Nederland krijgt topinstituut over klimaatadaptatie
6 feb 2017
‘Adaptatie’ heet het wanneer we manieren verzinnen om beter om te gaan met de klimaatverandering. Het is een praktische tegenhanger van ‘mitigatie’, ofwel de poging om via het terugdringen van onze CO2-uitstoot het klimaat te stabiliseren. Lange tijd is adaptatie een weinig populaire strategie geweest; het zou getuigen van luiheid, een excuus om het probleem niet bij de wortel aan te pakken.
Maar adaptatie heeft wel degelijk nut, is goedkoper en heeft bredere politieke steun. Dat lieten wij al zien in een achtergrondartikel uit 2010, dat – zo zeggen we met trots – nog werd genomineerd voor een journalistieke prijs.
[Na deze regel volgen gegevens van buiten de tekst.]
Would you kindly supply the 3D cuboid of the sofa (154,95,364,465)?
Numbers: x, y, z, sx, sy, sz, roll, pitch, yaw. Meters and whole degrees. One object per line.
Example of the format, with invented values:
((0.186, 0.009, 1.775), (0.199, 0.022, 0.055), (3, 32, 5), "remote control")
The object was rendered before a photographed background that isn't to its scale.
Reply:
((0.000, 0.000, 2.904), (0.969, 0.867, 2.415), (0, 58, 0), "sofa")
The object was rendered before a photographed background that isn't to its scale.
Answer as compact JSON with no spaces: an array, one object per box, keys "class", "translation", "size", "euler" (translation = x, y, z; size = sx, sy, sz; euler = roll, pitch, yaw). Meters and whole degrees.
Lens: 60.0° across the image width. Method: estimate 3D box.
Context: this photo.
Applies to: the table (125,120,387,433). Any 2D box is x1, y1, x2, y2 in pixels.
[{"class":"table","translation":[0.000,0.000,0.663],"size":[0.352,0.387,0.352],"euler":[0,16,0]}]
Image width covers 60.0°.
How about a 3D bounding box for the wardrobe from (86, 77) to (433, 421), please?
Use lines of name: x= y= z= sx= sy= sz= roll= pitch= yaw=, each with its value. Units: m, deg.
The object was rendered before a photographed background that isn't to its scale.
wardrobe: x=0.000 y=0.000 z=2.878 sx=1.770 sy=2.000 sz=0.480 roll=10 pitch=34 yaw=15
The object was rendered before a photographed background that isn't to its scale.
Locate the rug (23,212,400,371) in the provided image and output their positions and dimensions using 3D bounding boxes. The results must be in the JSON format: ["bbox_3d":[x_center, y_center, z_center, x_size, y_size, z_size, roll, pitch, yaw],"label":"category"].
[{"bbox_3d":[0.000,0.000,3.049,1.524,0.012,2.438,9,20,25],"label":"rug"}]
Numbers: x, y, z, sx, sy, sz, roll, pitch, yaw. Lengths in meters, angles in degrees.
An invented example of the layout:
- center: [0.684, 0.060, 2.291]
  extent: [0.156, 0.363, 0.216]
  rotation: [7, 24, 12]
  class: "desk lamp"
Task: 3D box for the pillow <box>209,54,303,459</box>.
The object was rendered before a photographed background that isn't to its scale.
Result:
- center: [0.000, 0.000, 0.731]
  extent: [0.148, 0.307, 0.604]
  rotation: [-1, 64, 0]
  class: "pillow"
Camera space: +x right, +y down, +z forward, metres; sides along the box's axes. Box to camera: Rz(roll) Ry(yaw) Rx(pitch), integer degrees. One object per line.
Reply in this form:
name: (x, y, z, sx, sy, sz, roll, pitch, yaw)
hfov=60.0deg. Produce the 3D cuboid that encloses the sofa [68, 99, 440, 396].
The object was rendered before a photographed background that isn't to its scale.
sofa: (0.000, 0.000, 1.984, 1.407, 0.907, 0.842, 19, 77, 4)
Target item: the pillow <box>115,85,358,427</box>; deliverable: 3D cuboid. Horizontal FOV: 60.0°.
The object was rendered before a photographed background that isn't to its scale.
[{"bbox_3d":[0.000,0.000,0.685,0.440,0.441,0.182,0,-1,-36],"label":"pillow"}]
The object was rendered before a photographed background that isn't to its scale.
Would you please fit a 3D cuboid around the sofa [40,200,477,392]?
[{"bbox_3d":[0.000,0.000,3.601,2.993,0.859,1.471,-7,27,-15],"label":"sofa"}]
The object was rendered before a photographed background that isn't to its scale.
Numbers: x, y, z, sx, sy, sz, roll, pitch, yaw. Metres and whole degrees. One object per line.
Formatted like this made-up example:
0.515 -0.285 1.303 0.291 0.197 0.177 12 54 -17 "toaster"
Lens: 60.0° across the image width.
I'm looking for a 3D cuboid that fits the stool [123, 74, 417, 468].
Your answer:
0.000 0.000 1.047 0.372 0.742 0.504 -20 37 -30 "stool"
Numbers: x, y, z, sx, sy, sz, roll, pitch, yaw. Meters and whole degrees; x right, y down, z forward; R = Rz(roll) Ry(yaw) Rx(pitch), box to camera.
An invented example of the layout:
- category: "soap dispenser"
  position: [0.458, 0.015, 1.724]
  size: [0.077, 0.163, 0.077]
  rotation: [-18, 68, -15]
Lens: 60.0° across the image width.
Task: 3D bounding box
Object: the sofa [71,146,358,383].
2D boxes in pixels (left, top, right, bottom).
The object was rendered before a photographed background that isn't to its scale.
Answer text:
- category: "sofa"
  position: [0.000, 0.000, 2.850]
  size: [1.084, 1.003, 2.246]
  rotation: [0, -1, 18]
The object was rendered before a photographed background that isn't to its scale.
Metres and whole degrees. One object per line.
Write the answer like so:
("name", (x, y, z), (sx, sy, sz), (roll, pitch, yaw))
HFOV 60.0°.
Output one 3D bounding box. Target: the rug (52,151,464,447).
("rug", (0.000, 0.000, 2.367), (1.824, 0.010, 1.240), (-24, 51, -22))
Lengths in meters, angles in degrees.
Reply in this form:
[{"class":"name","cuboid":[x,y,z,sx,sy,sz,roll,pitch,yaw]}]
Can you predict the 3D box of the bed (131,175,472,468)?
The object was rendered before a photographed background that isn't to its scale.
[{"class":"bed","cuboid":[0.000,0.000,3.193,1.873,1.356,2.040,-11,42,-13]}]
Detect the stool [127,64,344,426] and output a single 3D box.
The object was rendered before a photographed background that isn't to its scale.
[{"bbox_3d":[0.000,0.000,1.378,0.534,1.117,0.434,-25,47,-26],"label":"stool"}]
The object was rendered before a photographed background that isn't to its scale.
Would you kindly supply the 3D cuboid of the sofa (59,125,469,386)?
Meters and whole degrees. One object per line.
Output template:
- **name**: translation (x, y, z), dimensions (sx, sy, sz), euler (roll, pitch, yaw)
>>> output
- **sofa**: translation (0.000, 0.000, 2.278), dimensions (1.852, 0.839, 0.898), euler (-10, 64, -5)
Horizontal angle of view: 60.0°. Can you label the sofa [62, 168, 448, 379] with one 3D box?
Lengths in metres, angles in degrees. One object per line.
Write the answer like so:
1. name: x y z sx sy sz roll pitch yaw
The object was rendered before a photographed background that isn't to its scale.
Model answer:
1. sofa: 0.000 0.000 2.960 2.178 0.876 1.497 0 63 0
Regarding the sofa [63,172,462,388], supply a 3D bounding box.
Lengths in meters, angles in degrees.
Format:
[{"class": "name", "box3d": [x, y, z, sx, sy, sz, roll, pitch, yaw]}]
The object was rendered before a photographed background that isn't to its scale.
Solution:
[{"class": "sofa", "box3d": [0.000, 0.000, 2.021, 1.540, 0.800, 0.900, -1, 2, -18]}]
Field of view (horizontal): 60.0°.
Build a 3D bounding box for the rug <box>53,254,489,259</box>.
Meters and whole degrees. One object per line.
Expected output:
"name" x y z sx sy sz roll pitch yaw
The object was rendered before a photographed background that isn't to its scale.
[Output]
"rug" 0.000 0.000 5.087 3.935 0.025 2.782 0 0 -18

In dat artikel schreven we ook: ‘Hoe ziet die adaptatie eruit? Als er één land is waar deze vraag al veel eerder is gesteld, is het wel Nederland. Ruim duizend jaar geleden waren boeren hier sloten aan het graven om de drassige grond bruikbaar te maken. Het water werd met succes getemd. Nederland is rijk aan rivieren, ligt voor meer dan de helft onder zeeniveau en kent toch geen buitengewone vrees bij het vooruitzicht van een sneller stijgende zeespiegel en meer neerslag. Adaptatie is een bekend thema voor de inwoners.’
En we citeerden Jan-Peter Balkenende: ‘Zonder voortdurende adaptatie aan de veranderende natuur was Nederland allang verzonken in de modder.’
Welnu, vandaag toont Nederland zich een wereldleider op het gebied van klimaatadaptatie. Staatssecretaris Sharon Dijksma staat vandaag aan de basis van een nieuw, internationaal kennisinstituut op dit gebied. Het Global Centre of Excellence on Climate Adaptation wil zorgen dat landen en organisaties zich beter kunnen wapenen tegen de gevolgen van klimaatverandering.
Dijksma zegt daarover in Trouw: “Over de hele wereld worden mensen hard getroffen door de opwarming van de aarde. Het historische klimaatakkoord van Parijs laat zien dat aanpassing aan klimaatverandering even belangrijk is als het bedenken van oplossingen om klimaatverandering tegen te gaan.”